October 14, 2014: Geographical Depression

I'm fighting a bit of depression right now, almost certainly due to the fact that I still live here and I still hate it. Much of my day revolves around fantasizing about getting out.

49 thoughts on “October 14, 2014: Geographical Depression”

    1. I didn't watch Twin Peaks when it was broadcast; it was probably on after my bedtime.
      In college, I rented the pilot (I think, it definitely wasn't Fire Walk With Me) and didn't see the big deal. Was the Laura Palmer mystery solved in the first two hours or so? Did things develop from there?

      1. I haven't made it past the first episode either, but I think the entire series was supposed to be about her? Then when it was cancelled in season 2 they wrapped it up quickly.

        1. The only show I can recall that went nowhere faster than Twin Peaks was probably John from Cincinnati. I liked them both.

      2. LOST has gotten the most comparison to Twin Peaks -- the pilot set up the initial plot line and mystery(s), and then ran with it. And like LOST, it had the zen-like quality of being more about the ride than the destination. The show was very quirky (Lynch, duh) but suffered when he wasn't directing and when the network tried to fiddle with things (and like LOST, fans were clamoring for answers). I thought it was a bit soap-opera-y at times, and not all the characters grew on me, but it was fun while it lasted. If you do watch the series, Miguel Ferrer is delicious, and a young David Duchovny in drag. Even Lynch as an "actor" was a gas.

    1. Glad to see this analysis, since it was something I picked up on this year, and it really bothered me.

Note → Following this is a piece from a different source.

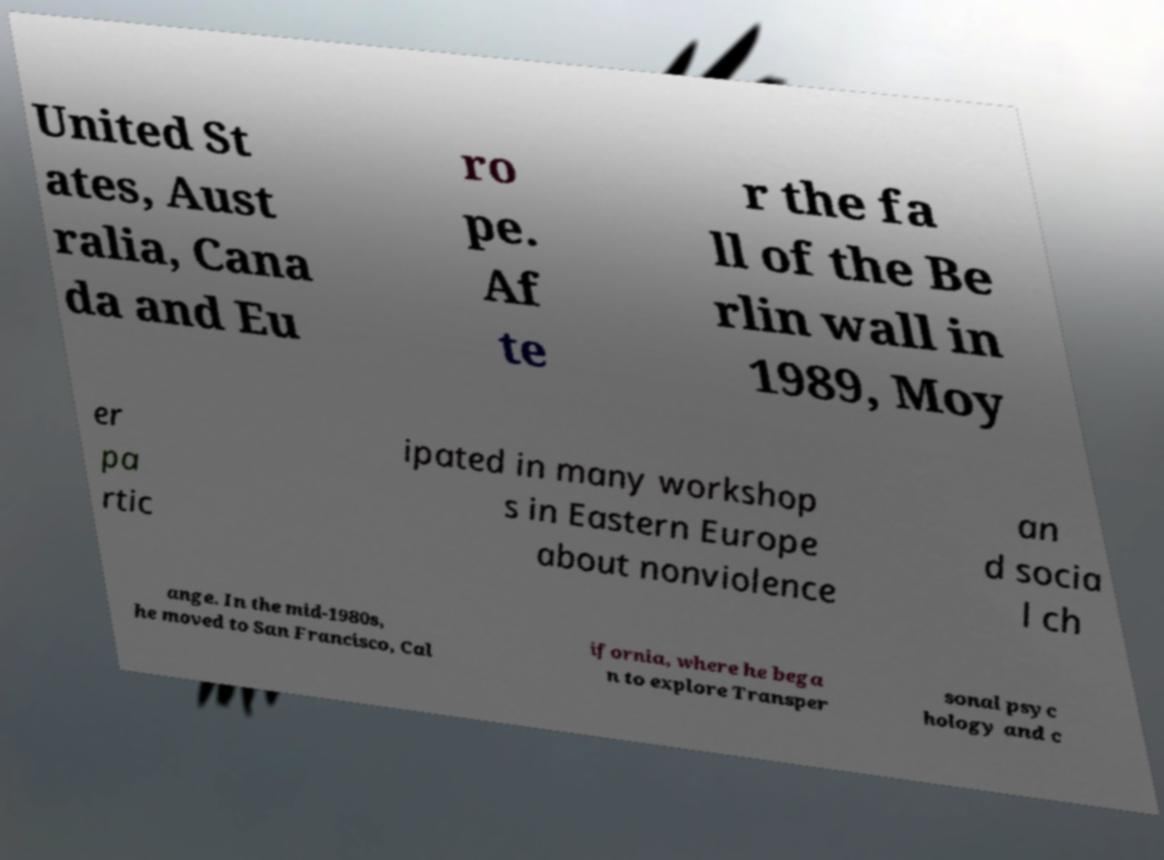Can you read and provide the text displayed in the image?This photo seems to have some interesting text. Can you extract and type it out for me? United St ates, Aust ralia, Cana da and Eu ro pe. Af te r the fa ll of the Be rlin wall in 1989, Moy er pa rtic ipated in many workshop s in Eastern Europe about nonviolence an d socia l ch ange. In the mid-1980s, he moved to San Francisco, Cal ifornia, where he bega n to explore Transper sonal psyc hology and c

      1. Interesting piece, but I'd much rather see heat maps and changes in the odds of a pitch in a grid being called a strike, rather than the maps just showing the grids where 50%+1 of the calls were strikes.

        The Jeff Sullivan piece at fangraphs (linked in the HBT piece) is particularly compelling. See the Zone of Interest graph, which shows a pretty linear increase in the percent of pitches in his low zone being called strikes over the 2009-2014 period. The graph also shows the trends for the "five best catchers" and "five worst catchers" to try to capture framing effects. It shows that the five worst catchers still have lower called-strike rates in that zone than at any time in the period for the five best catchers, but that the bottom five are now getting strikes called in the low zone at rates equal to or better than the average back in 2008-09.

        1. also, the academic piece cited looks to be really interesting.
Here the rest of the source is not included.